Happy birthday Harry!You are very handsome.And the inauguration ceremony is as cute as can be!


----------



## twinny41 (Feb 13, 2008)

Happy Birthday Harry. 5 yrs young! Hope your leg soon mends.


----------



## C's Mom (Dec 7, 2009)

Happy B-day Harry! He was an adorable pup and is now a handsome man.


----------



## davebeech (Feb 11, 2006)

Happy Birthday Harry !! what a STAR you are


----------



## Karen519 (Aug 21, 2006)

*Harry*

Harry

Have a VERY HAPPY BIRTHDAY!!!


----------



## Oaklys Dad (Dec 28, 2005)

Happy Birthday you little April Fool! He does look like a big jokester.


----------



## CAROLINA MOM (May 12, 2009)

Happy Birthday to you Flash Harry. Sorry to hear you've hurt your leg, hope it's not serious. 

Love the inauguration picture-it's priceless.


----------



## BeauShel (May 20, 2007)

Happy Birthday you handsome black and white dog. Every time I see pictures of him I think of Hooch. He really loved Sweet Harry. Harry grew up from such a cute little guy to such a handsome big boy. Love all the pictures of him. Hope his leg injury doesnt slow him down too long.


----------



## Jersey's Mom (Nov 25, 2007)

Happy birthday Harry!!! Absolutely adore your pic of the "Inauguration Ceremony"... gorgeous!! But then, it's hard to take a bad pic of those two lovely pups!!! Hope he's feeling 100% soon!!

Julie, Jersey and Oz


----------



## goldensmum (Oct 23, 2007)

Happy Birthday Handsome Harry - hope your mum and sister got you some nice pressies.
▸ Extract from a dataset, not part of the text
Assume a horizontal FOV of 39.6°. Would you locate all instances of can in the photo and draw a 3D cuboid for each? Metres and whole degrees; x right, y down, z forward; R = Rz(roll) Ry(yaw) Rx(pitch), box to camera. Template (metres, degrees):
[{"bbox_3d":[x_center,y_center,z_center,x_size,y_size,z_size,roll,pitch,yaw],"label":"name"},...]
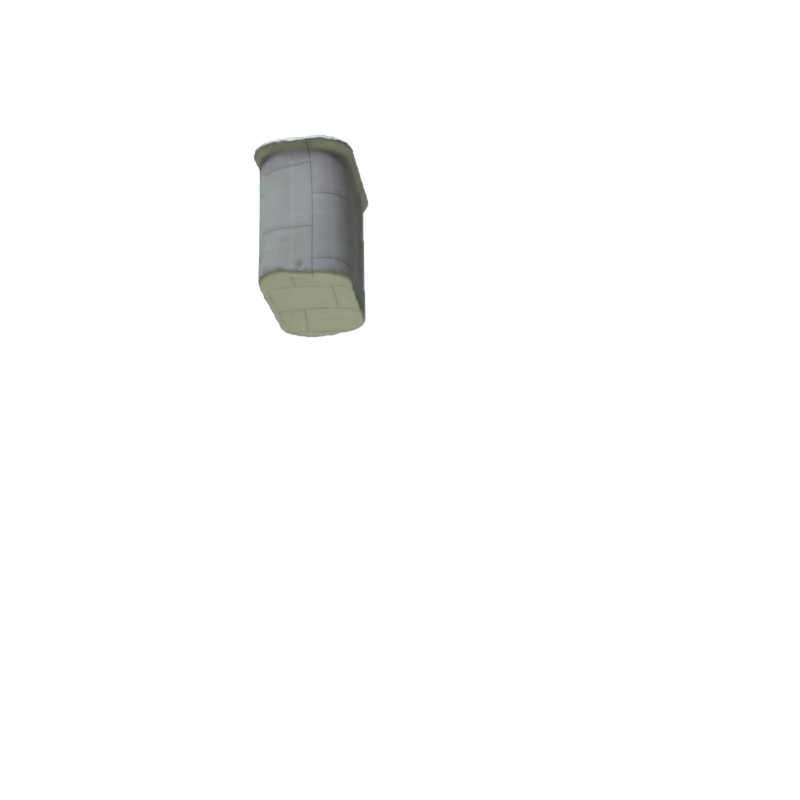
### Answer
[{"bbox_3d":[-0.051,-0.093,0.648,0.058,0.088,0.096,-4,-21,6],"label":"can"}]

Fingers crossed that his leg injury is just a sprain and nothing more serious like a cruciate and that you are soon back to having fun


----------



## Ranger (Nov 11, 2009)

Oops, just saw this now:

Harry, you are one handsome fellow!! I love how shiny you are, even the white parts! You look like a very dapper dog with your tuxedo on! Hope you had a great birthday and that your leg is feeling better now!


----------